Venous thromboembolism after radical cystectomy: Experience with screening ultrasonography

Katie M Murray a, William Parker b, Heidi Stephany c, Kirk Redger d, Moben Mirza d, Ernesto Lopez-Corona d, Jeffrey M Holzbeierlein d, Eugene K Lee d,
PMCID: PMC4767786  PMID: 26966592

Abstract

Objectives

To detect the incidence of immediate postoperative deep vein thrombosis (DVT) using screening lower extremity ultrasonography (US) in patients undergoing radical cystectomy (RC) and to determine the rate of symptomatic pulmonary embolism (PE) after RC and identify risk factors for venous thromboembolic (VTE) events in a RC population.

Patients and methods

We performed a retrospective review of prospective data collected on patients who underwent RC between July 2008 and January 2012. These patients underwent screening US at 2/3 days after RC to determine the rate of asymptomatic DVT. A chart review was completed to identify those who had a symptomatic PE. Univariate and multivariable analysis was used to identify risk factors associated with DVT, PE and total VTE events.

Results

In all, 221 patients underwent RC and asymptomatic DVT was identified in 21 (9.5%) on screening US. Nine (4.5%) developed symptomatic PE at a median of 9 days, of which no patients had positive lower extremity US postoperatively. Increased length of hospital stay, increased estimated blood loss, and lower body mass index were linked to risk of PE, and only a previous history of DVT was associated with postoperative DVT.

Conclusion

Patients who undergo RC are at high-risk for thromboembolic events and multimodal prophylaxis should be administered. Clinicians should be especially vigilant in those who demonstrate factors associated with higher risk for VTE events.

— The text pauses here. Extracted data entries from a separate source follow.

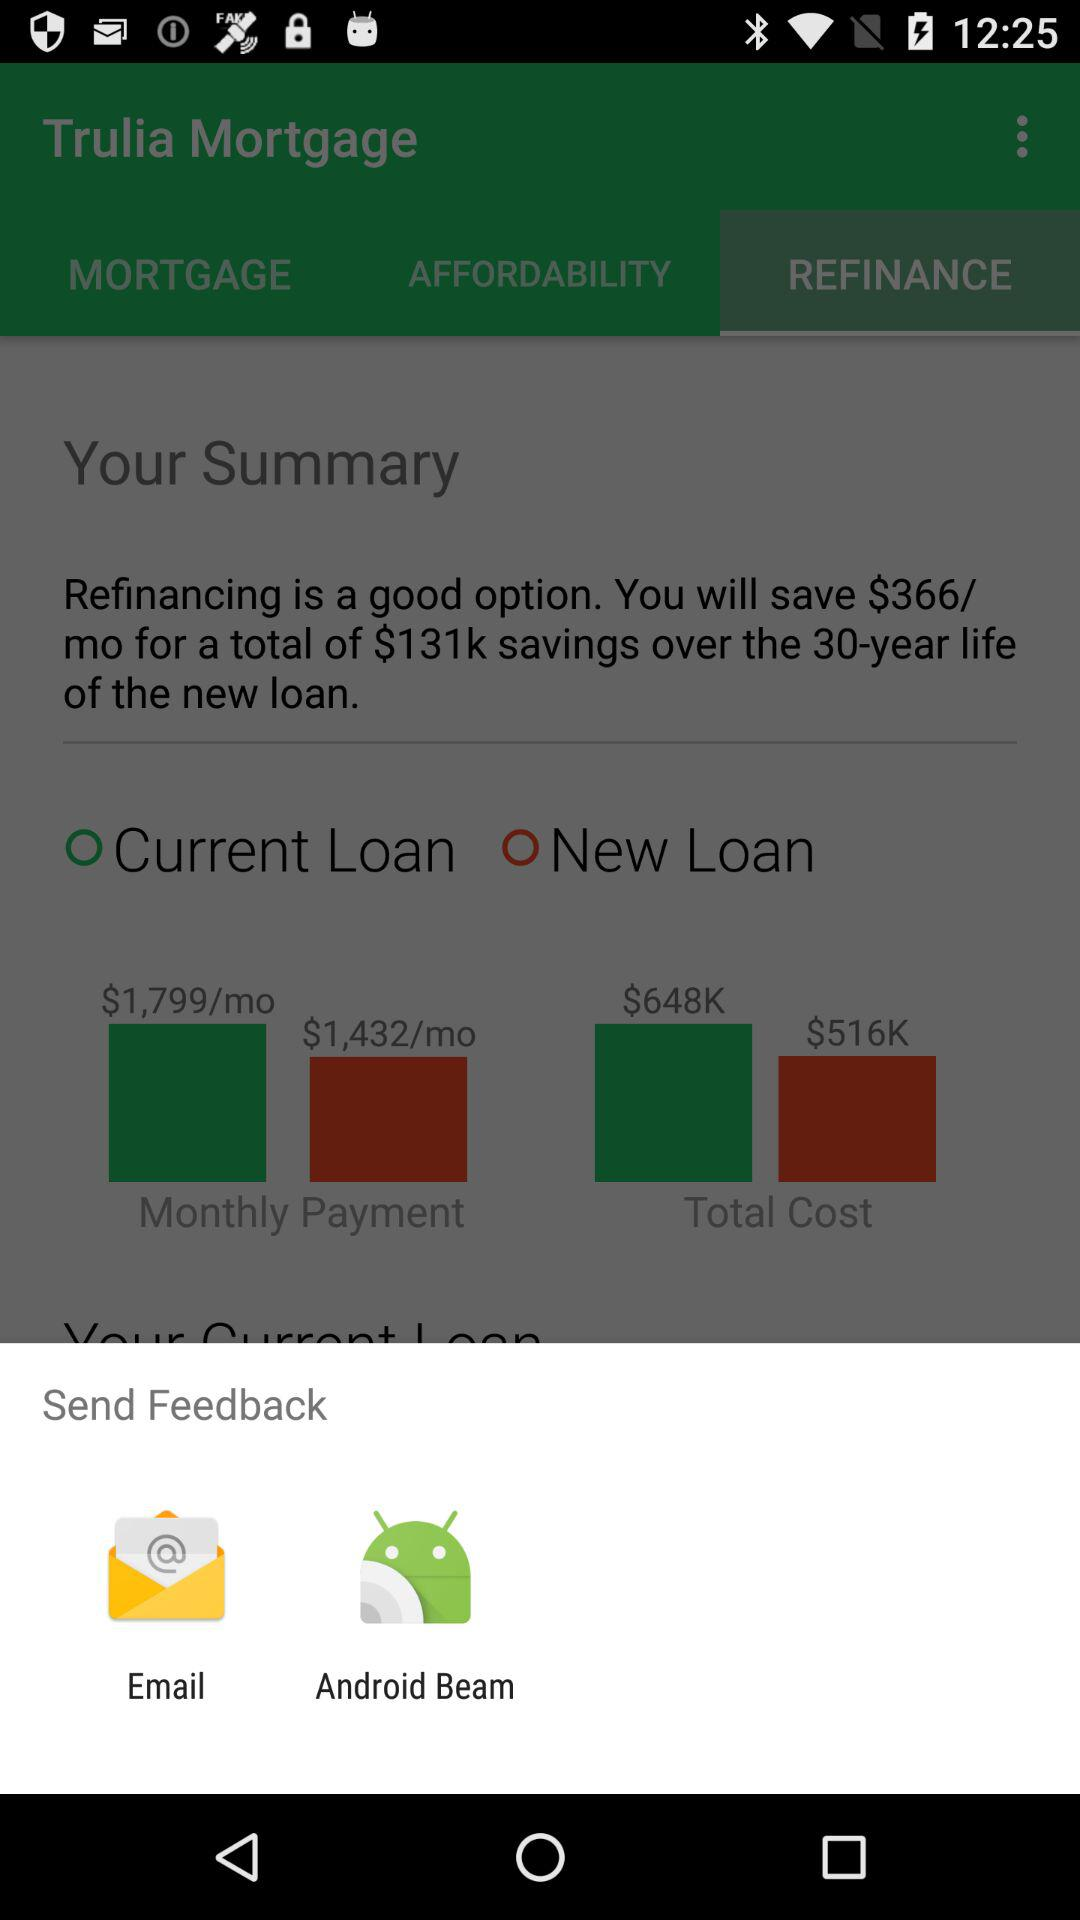What are the different applications through which we can send feedback? The different applications through which you can send feedback are "Email" and "Android Beam". 
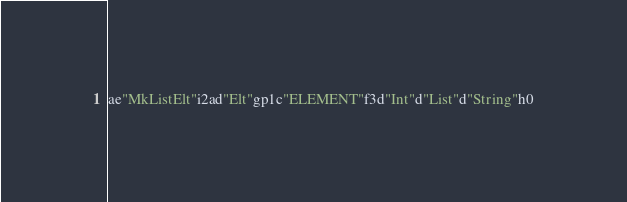Convert code to text. <code><loc_0><loc_0><loc_500><loc_500><_SML_>ae"MkListElt"i2ad"Elt"gp1c"ELEMENT"f3d"Int"d"List"d"String"h0</code> 
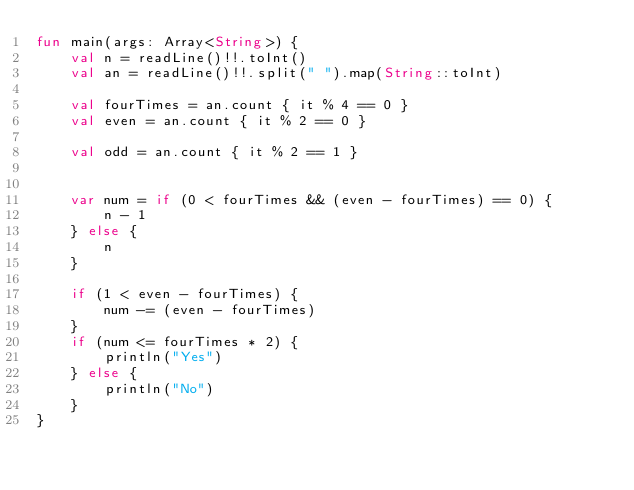Convert code to text. <code><loc_0><loc_0><loc_500><loc_500><_Kotlin_>fun main(args: Array<String>) {
    val n = readLine()!!.toInt()
    val an = readLine()!!.split(" ").map(String::toInt)

    val fourTimes = an.count { it % 4 == 0 }
    val even = an.count { it % 2 == 0 }

    val odd = an.count { it % 2 == 1 }


    var num = if (0 < fourTimes && (even - fourTimes) == 0) {
        n - 1
    } else {
        n
    }

    if (1 < even - fourTimes) {
        num -= (even - fourTimes)
    }
    if (num <= fourTimes * 2) {
        println("Yes")
    } else {
        println("No")
    }
}


</code>

Abbreviations: BMI, body mass index; DVT, deep vein thrombosis; EBL, estimated blood loss; LMWH, low-molecular weight heparin; LOS, length of hospital stay; PE, pulmonary embolism; RC, radical cystectomy; US, ultrasonography; VTE, venous thromboembolism

Keywords: Deep vein thrombosis, Pulmonary embolism, Radical cystectomy, Ultrasonography, Venous thromboembolism

Introduction

In the USA, >70,000 men and women are diagnosed with bladder cancer annually and it is associated with ≈15,000 deaths [1]. The ‘gold standard’ for muscle-invasive and locally advanced disease is radical cystectomy (RC) with pelvic lymph node dissection [2]. Furthermore, patients with other malignancies, such as colorectal masses and gynaecological cancers, may require RC as part of their surgical plan. Unfortunately, extirpation of the bladder and creation of a urinary diversion are not without consequence, as reported 90-day complication rates range from 49% to 64% [3], [4], [5]. Mortality rates are also significant ranging from 1.5% to 6.9% [3], [4], [5], [6].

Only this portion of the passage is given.